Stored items
'''

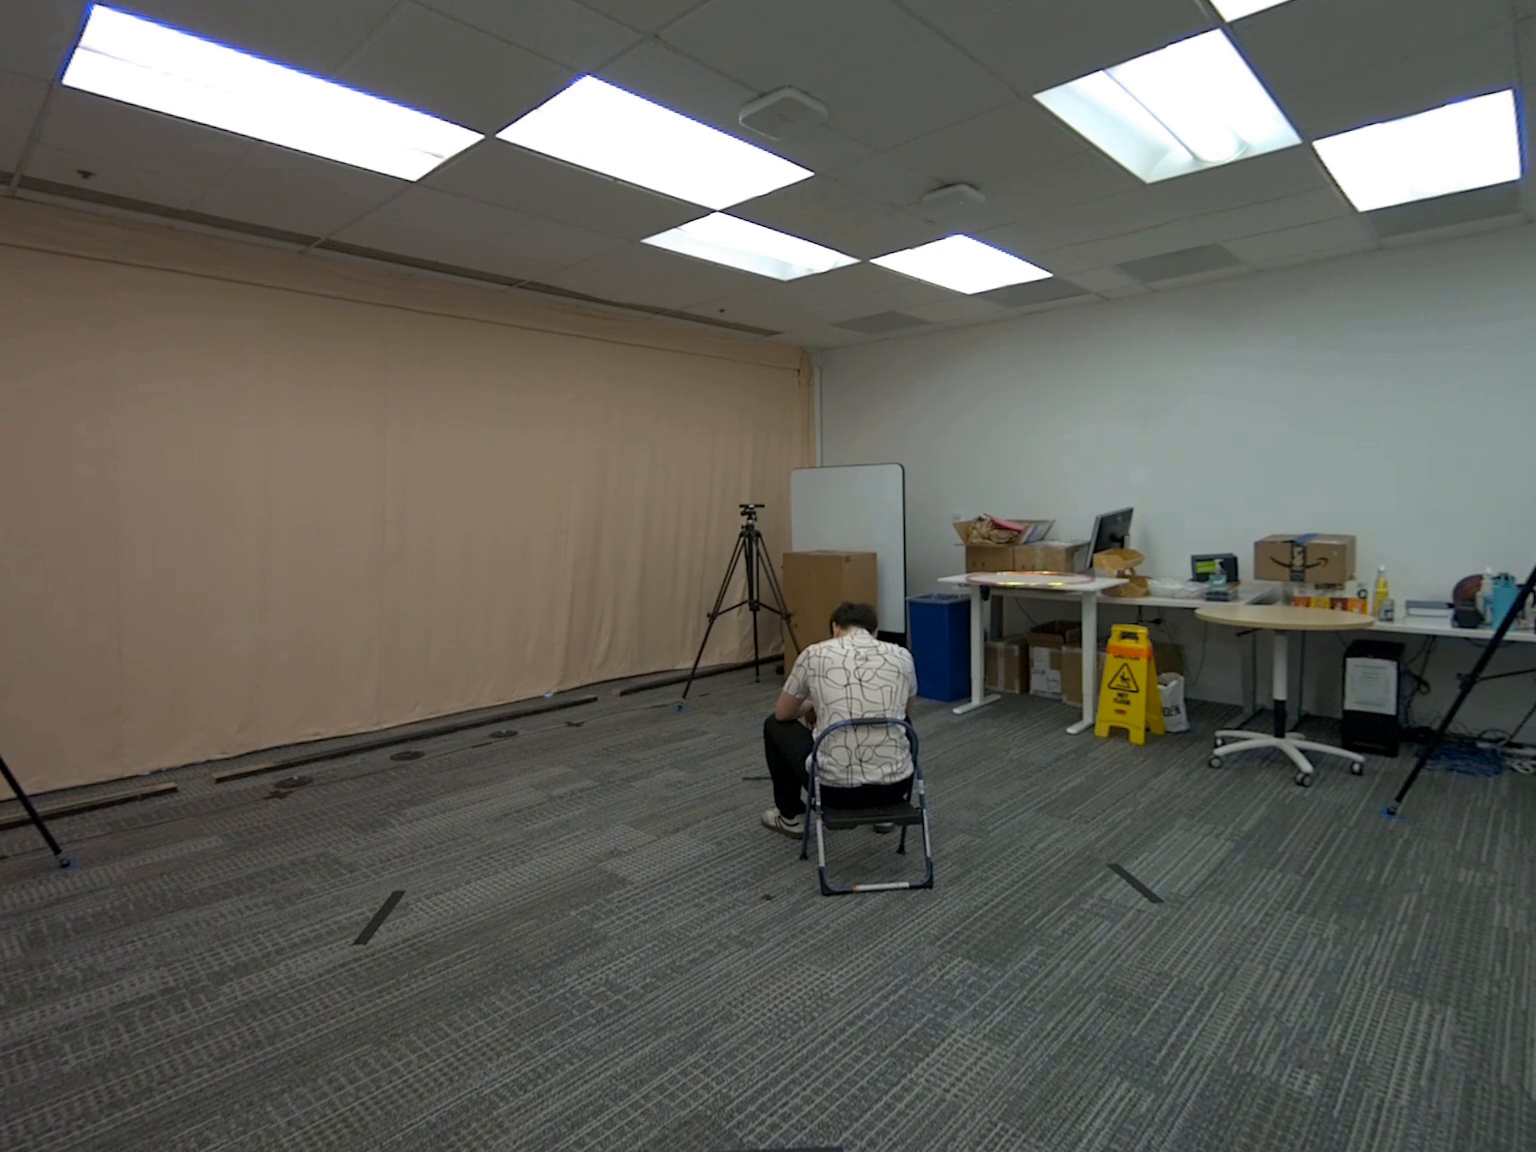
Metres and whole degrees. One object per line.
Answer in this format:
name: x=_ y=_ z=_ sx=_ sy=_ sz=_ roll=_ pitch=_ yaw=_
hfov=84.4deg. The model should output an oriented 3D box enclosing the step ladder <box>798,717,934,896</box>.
step ladder: x=0.362 y=0.817 z=3.156 sx=0.427 sy=0.605 sz=0.353 roll=-1 pitch=3 yaw=-9
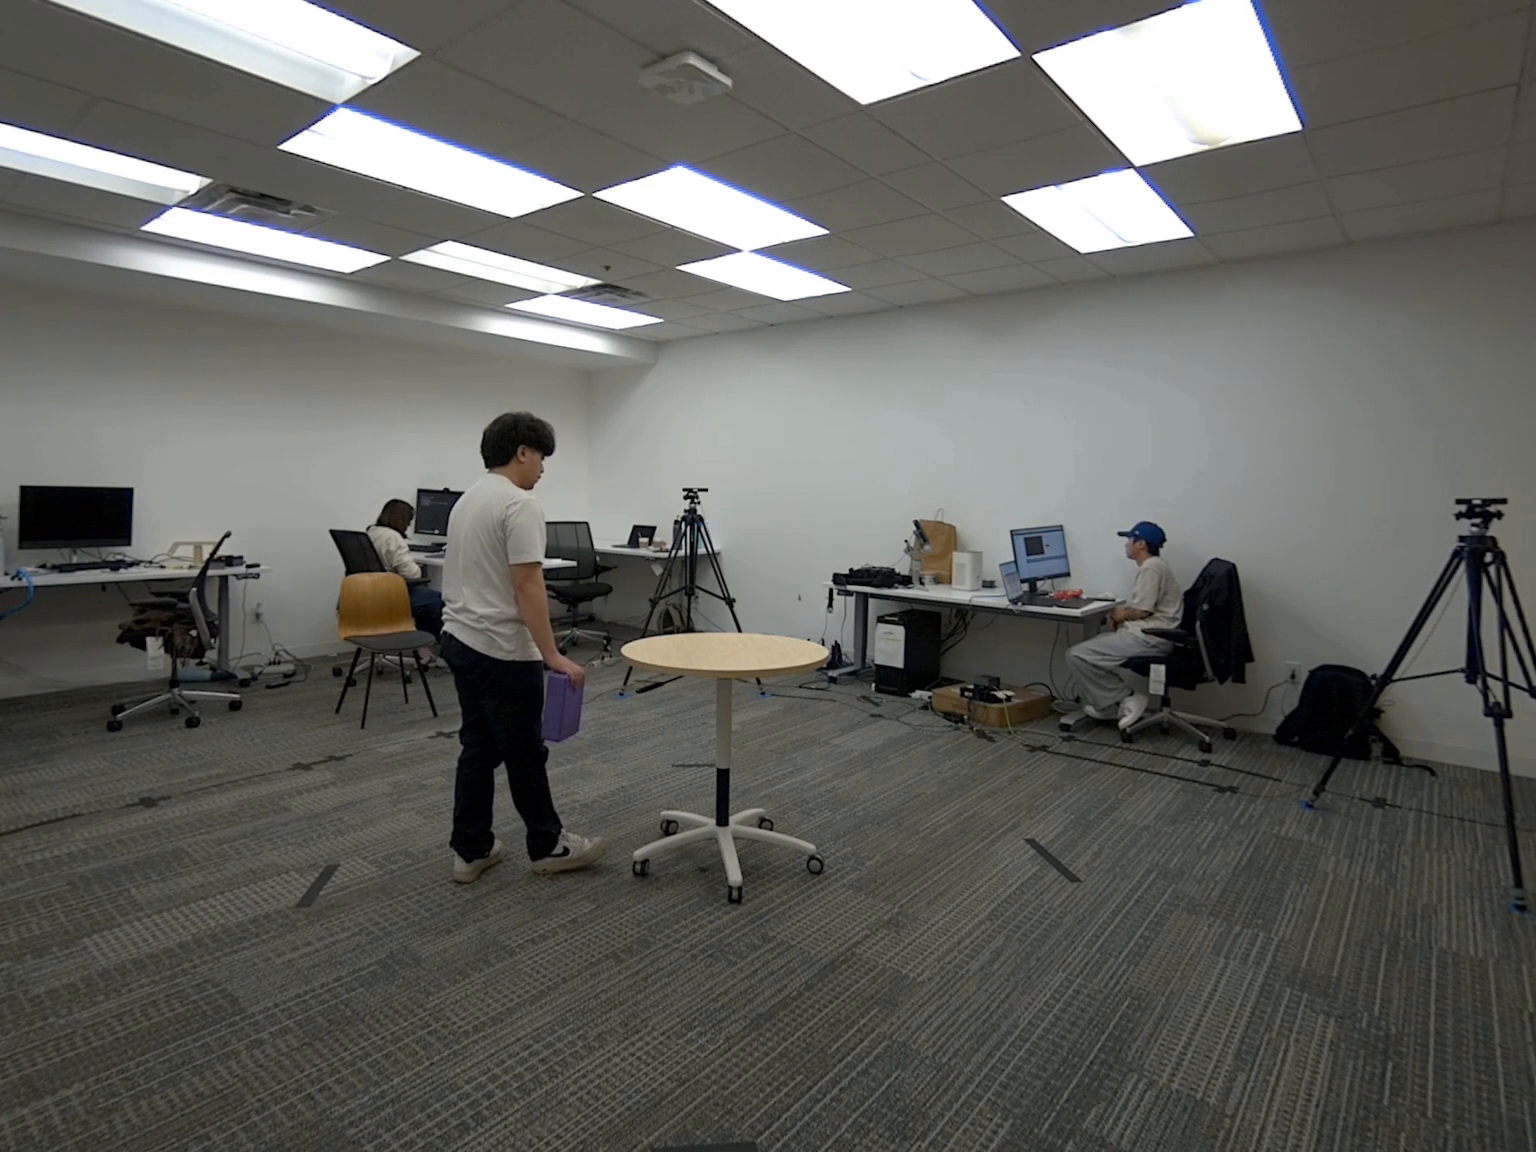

'''

Leave the images aside and transcribe all entries exactly.

Metres and whole degrees. One object per line.
Answer in this format:
name: x=_ y=_ z=_ sx=_ sy=_ sz=_ roll=_ pitch=_ yaw=_
hfov=84.4deg. The model should output an oriented 3D box enclosing the step ladder <box>798,717,934,896</box>.
step ladder: x=0.362 y=0.817 z=3.156 sx=0.427 sy=0.605 sz=0.353 roll=-1 pitch=3 yaw=-9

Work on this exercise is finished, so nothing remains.